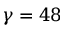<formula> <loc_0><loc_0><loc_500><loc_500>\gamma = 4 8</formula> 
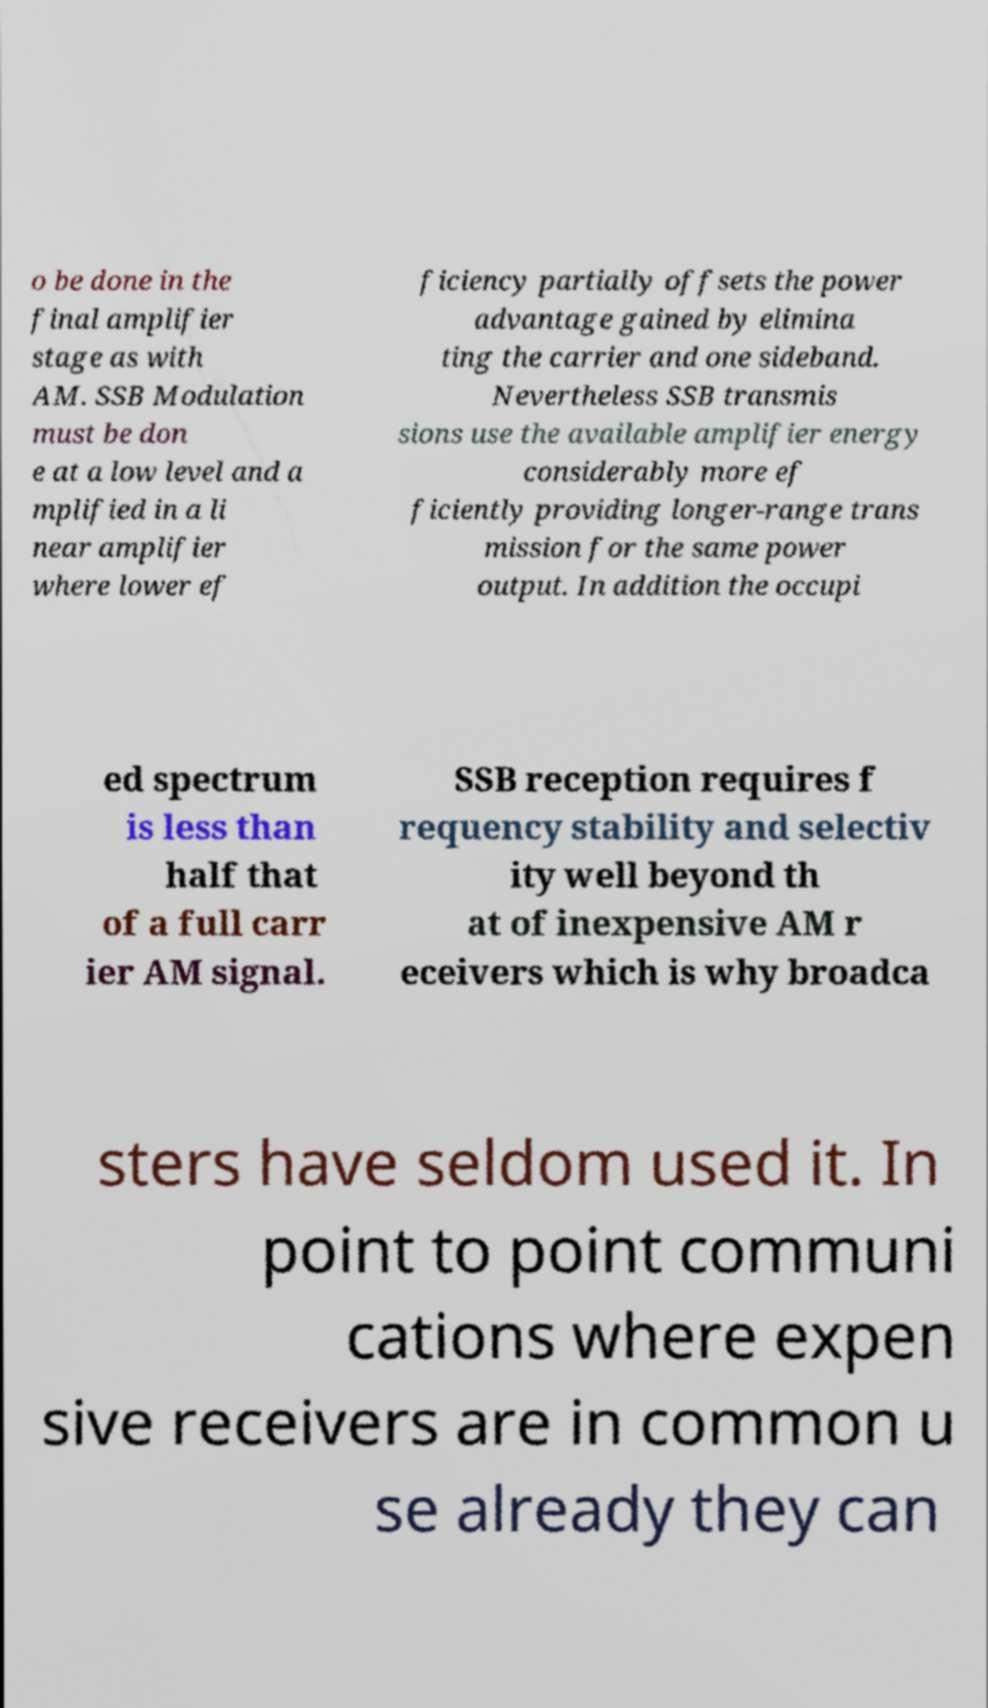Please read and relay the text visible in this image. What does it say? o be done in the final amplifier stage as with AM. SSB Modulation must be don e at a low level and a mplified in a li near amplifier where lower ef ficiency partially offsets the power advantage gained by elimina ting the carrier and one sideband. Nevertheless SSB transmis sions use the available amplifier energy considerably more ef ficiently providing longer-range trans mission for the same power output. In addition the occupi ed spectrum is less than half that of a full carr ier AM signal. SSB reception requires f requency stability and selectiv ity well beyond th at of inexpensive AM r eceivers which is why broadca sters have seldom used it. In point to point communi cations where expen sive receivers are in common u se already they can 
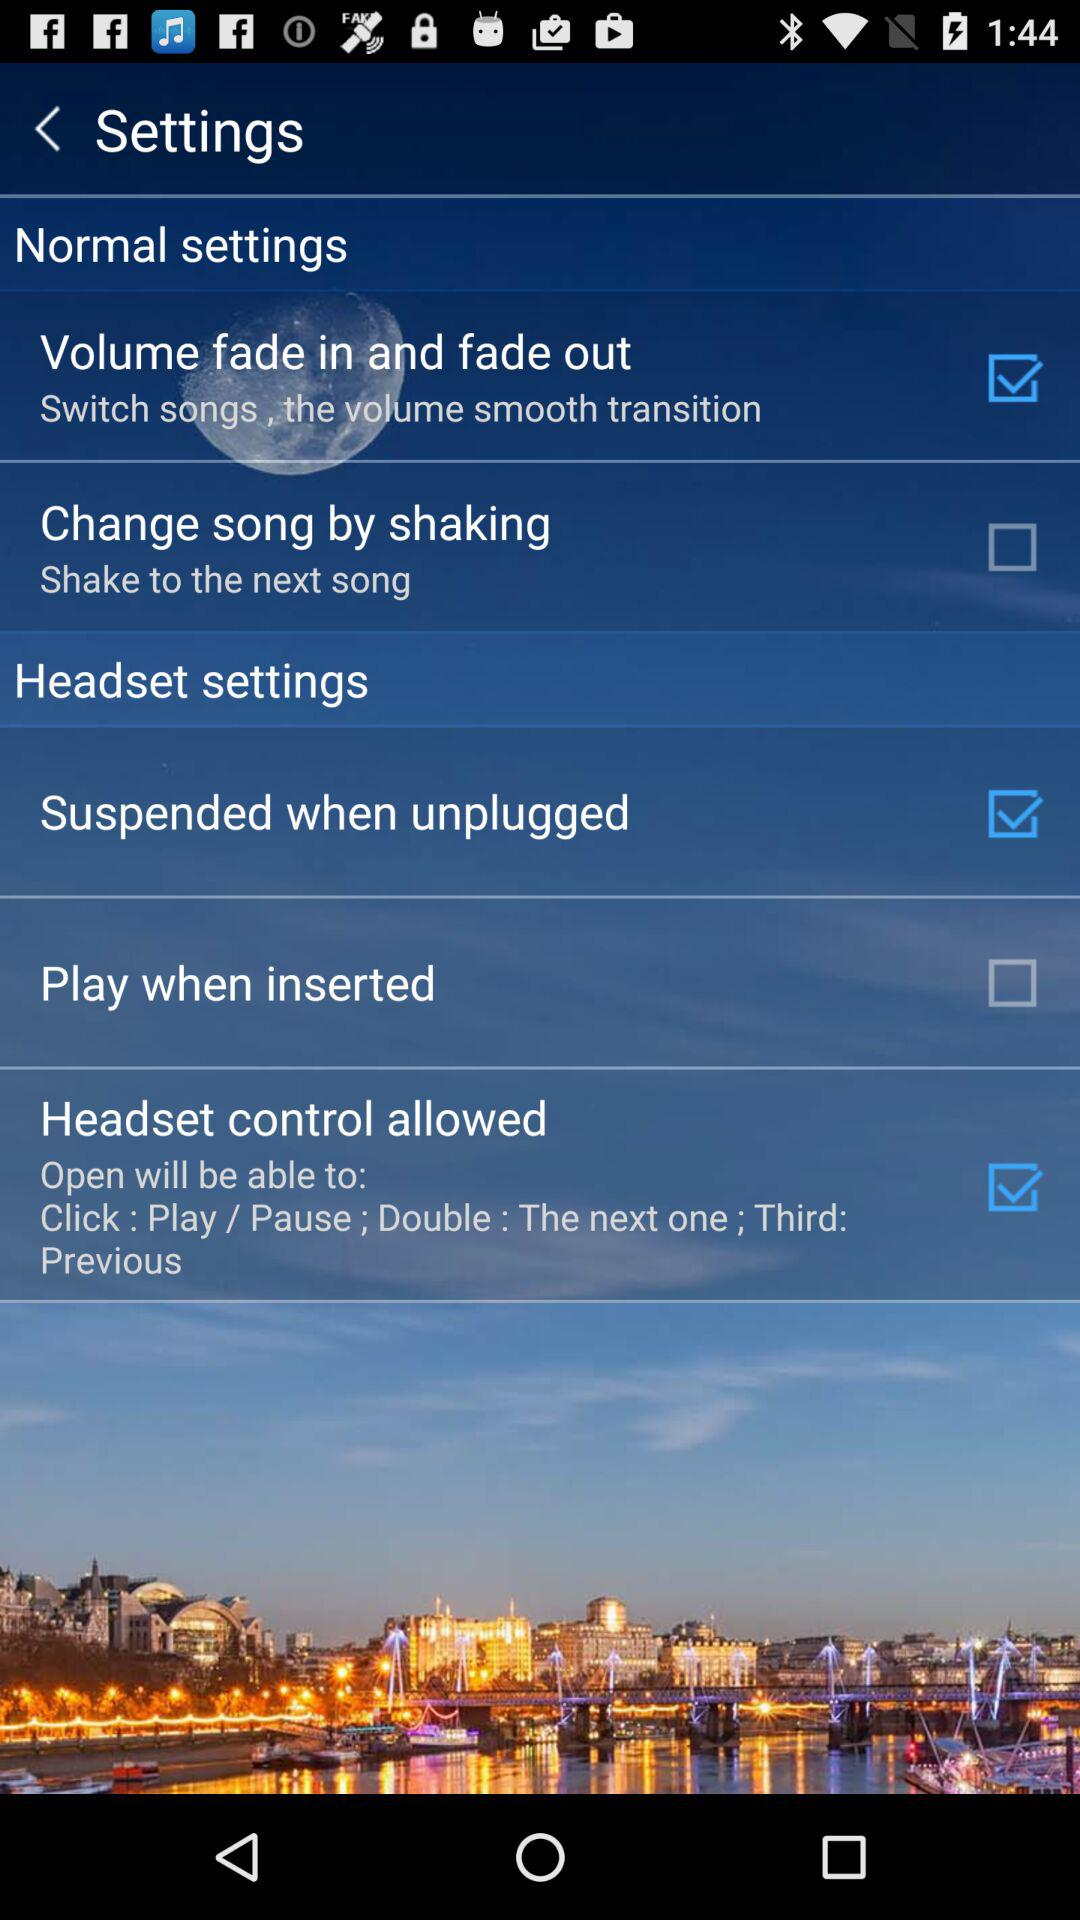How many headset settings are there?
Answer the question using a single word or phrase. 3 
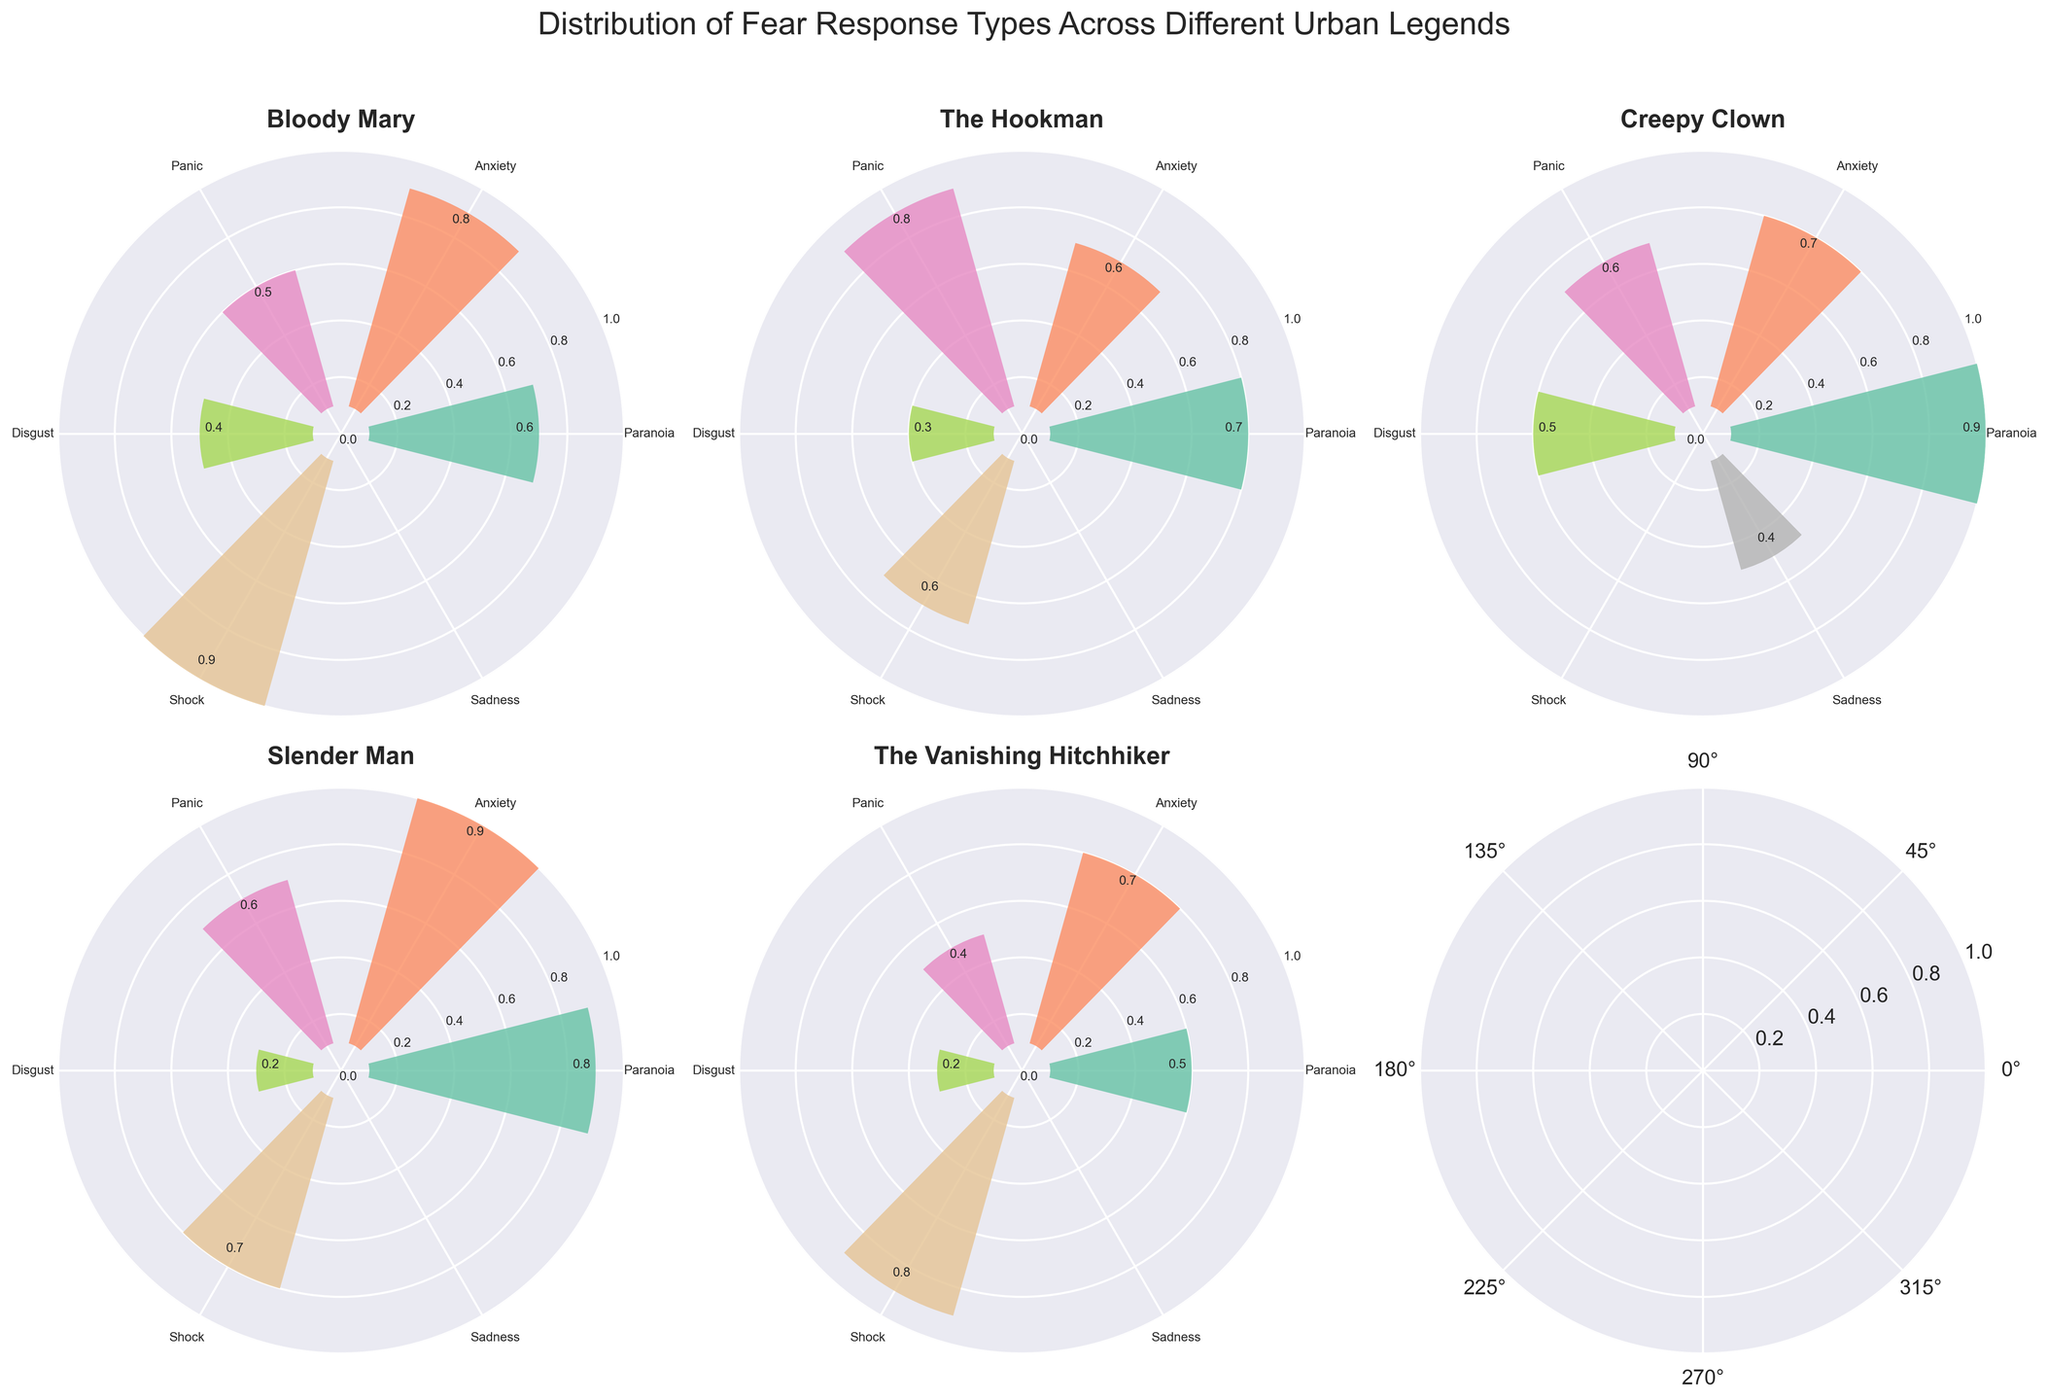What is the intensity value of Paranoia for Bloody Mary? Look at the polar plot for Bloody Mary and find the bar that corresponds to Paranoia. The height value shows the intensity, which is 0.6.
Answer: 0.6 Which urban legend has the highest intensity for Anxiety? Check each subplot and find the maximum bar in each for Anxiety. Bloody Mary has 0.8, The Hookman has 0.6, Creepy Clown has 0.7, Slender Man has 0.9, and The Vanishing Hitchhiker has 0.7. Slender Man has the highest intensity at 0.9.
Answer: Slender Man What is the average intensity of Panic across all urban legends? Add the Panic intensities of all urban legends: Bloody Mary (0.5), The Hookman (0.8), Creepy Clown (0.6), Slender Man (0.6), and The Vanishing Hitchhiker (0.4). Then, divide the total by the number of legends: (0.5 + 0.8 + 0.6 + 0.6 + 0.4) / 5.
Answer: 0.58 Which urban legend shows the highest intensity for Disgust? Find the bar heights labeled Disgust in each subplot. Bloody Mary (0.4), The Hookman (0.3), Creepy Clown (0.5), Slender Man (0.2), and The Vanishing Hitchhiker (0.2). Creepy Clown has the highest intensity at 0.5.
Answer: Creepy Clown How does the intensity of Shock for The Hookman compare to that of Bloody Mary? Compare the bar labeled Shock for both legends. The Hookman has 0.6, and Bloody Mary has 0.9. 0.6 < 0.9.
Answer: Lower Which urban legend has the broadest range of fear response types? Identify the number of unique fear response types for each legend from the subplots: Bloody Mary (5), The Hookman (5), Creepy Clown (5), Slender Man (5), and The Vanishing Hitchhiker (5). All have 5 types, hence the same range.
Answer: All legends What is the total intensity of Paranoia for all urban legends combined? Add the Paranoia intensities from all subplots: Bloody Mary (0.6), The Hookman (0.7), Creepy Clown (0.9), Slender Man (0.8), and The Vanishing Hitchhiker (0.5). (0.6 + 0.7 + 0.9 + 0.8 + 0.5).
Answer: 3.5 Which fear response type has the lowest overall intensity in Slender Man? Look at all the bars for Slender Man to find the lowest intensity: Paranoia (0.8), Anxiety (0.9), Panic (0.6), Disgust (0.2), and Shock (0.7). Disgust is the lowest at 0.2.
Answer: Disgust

::::::::::

§ **Task item**: Return exactly the stretch above whose first line contains "Answer the question" and whose last line contains "What is the intensity", and nothing outside it. The pictures should not appear.

§ **Output of the task**:
Answer the question using a single word or phrase. 3 
What is the intensity value of Paranoia for Bloody Mary? Look at the polar plot for Bloody Mary and find the bar that corresponds to Paranoia. The height value shows the intensity, which is 0.6.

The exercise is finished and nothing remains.